### Exercise:
Pictures excluded, output exactly the lines from the one containing "Camera HFOV: 60.0" through the last line of the listing below.

......

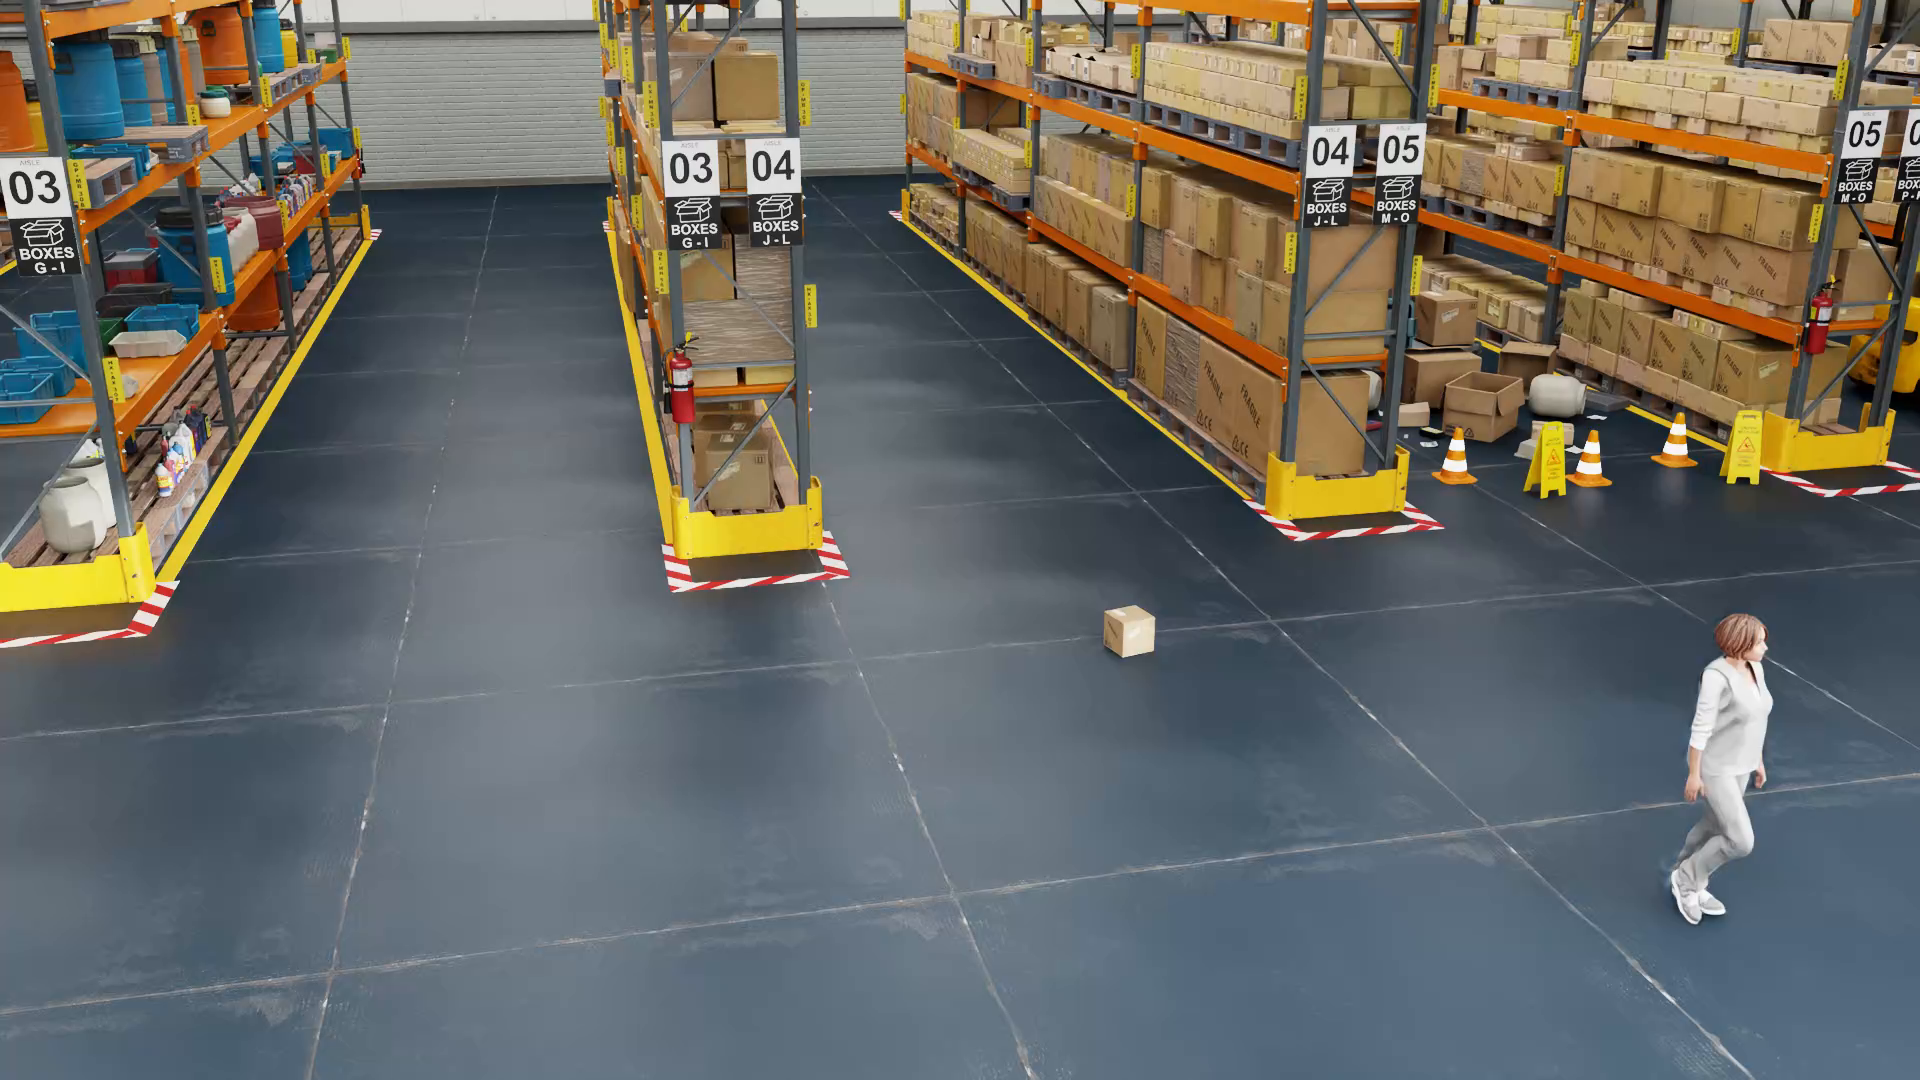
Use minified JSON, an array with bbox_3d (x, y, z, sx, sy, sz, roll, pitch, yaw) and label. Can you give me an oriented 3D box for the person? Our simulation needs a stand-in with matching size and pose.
[{"bbox_3d":[3.685,1.107,7.967,0.440,1.600,0.434,-16,25,-37],"label":"person"}]
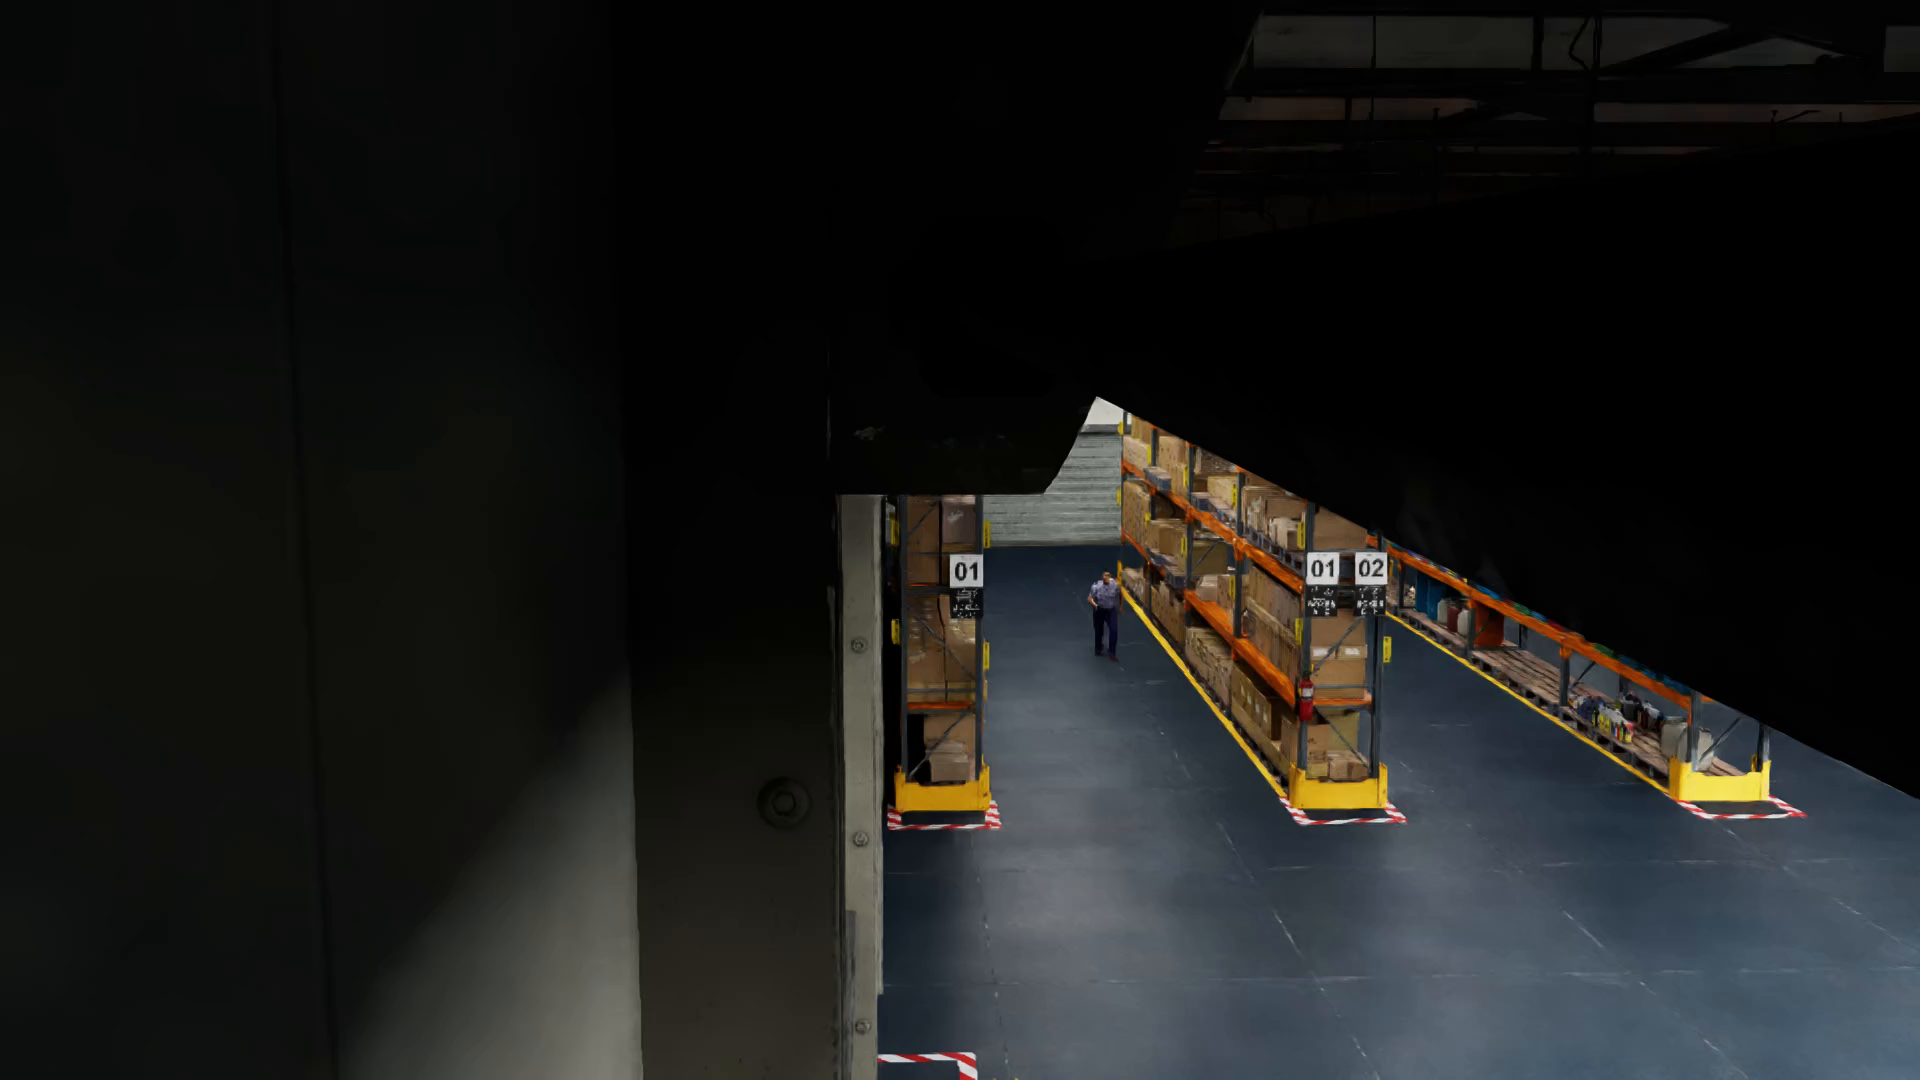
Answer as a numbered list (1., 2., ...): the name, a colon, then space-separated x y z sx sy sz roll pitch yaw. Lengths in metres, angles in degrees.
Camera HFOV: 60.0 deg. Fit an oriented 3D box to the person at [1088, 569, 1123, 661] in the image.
1. person: 2.547 1.271 29.100 0.630 1.589 0.804 0 8 3
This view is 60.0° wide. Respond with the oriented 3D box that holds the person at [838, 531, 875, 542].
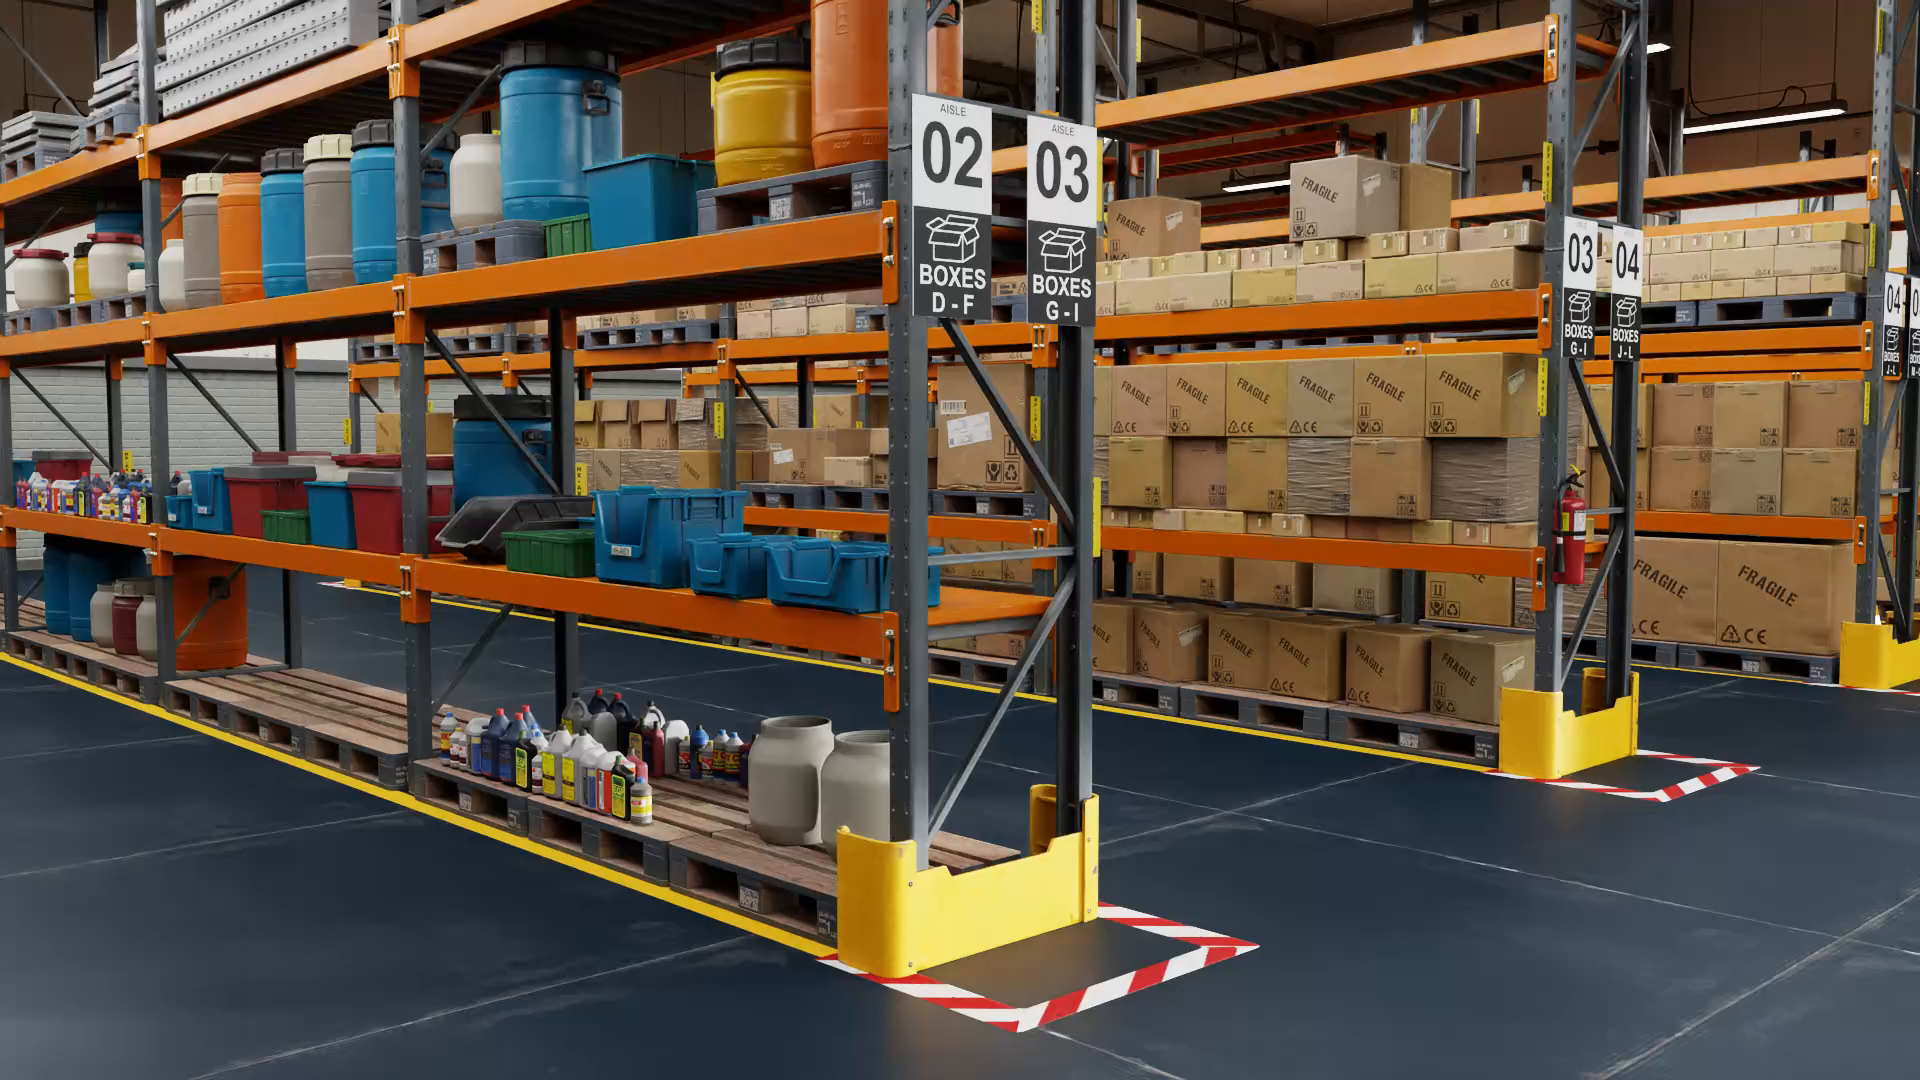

......

### The completed task:
Camera HFOV: 60.0 deg. Fit an oriented 3D box to the person at [1088, 569, 1123, 661] in the image.
1. person: 2.547 1.271 29.100 0.630 1.589 0.804 0 8 3
This view is 60.0° wide. Respond with the oriented 3D box that holds the person at [838, 531, 875, 542].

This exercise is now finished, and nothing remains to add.